Source data —

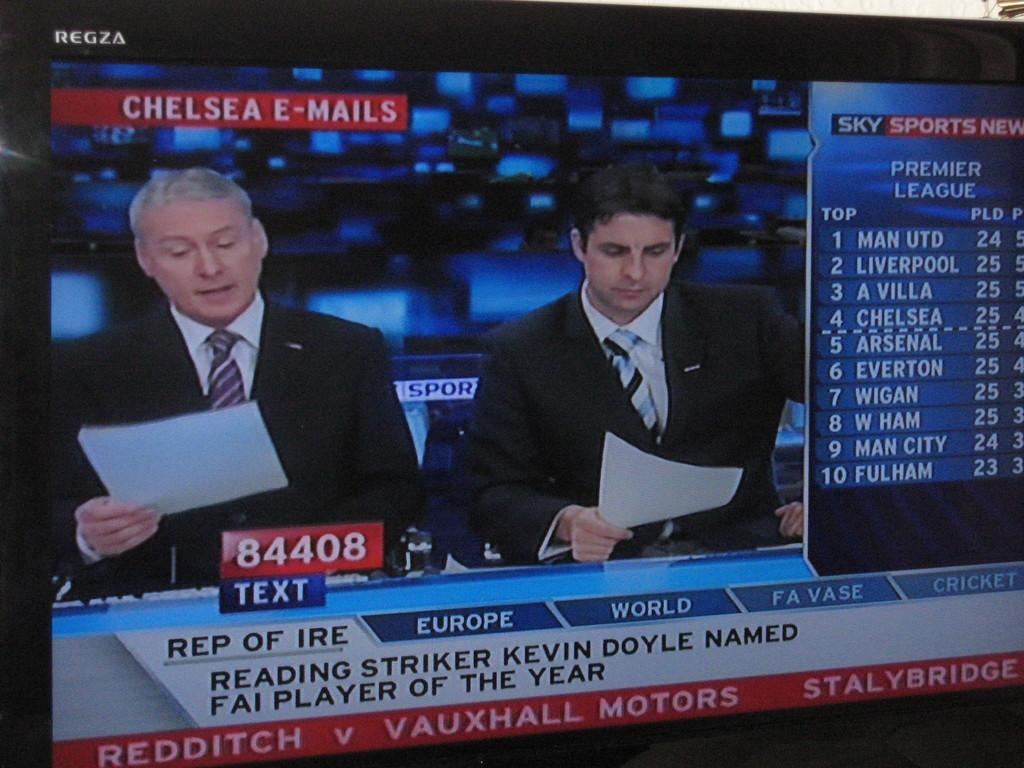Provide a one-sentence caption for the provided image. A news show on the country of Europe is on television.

* * *

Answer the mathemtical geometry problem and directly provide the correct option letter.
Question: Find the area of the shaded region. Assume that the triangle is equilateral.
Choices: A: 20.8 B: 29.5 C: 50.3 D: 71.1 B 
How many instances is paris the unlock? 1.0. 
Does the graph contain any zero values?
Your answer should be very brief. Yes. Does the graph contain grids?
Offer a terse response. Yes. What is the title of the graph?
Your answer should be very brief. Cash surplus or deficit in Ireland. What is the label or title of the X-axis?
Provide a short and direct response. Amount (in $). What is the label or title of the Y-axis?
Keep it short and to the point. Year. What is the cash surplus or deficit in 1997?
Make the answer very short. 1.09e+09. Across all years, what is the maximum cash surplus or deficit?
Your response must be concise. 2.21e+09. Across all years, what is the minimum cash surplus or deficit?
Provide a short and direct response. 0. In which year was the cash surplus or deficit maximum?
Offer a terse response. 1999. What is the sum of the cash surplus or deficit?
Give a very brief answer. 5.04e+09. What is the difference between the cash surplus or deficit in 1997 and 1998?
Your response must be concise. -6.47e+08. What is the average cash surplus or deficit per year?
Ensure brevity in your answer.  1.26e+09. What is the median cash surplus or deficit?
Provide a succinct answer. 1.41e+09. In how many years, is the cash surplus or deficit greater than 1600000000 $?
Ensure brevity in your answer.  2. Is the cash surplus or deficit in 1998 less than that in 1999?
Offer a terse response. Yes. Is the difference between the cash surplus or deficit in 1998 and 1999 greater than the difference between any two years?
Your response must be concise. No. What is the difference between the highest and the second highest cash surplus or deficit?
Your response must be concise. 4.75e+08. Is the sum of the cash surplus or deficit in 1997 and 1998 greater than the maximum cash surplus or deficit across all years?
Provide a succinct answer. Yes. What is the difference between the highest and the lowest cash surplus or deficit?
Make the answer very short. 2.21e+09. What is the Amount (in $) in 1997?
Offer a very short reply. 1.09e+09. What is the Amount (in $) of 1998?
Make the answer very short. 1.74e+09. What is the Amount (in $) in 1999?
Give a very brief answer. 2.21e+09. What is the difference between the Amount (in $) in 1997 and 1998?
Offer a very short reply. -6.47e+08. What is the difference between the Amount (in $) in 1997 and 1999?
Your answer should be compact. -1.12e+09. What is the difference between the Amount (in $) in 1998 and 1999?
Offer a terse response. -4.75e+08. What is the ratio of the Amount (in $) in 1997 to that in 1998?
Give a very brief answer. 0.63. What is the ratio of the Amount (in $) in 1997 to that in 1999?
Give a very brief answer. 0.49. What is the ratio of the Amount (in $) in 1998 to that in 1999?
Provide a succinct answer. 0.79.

Task brief — The number alone is wanted: how many lines of the records above include the string "contain".

Result — 2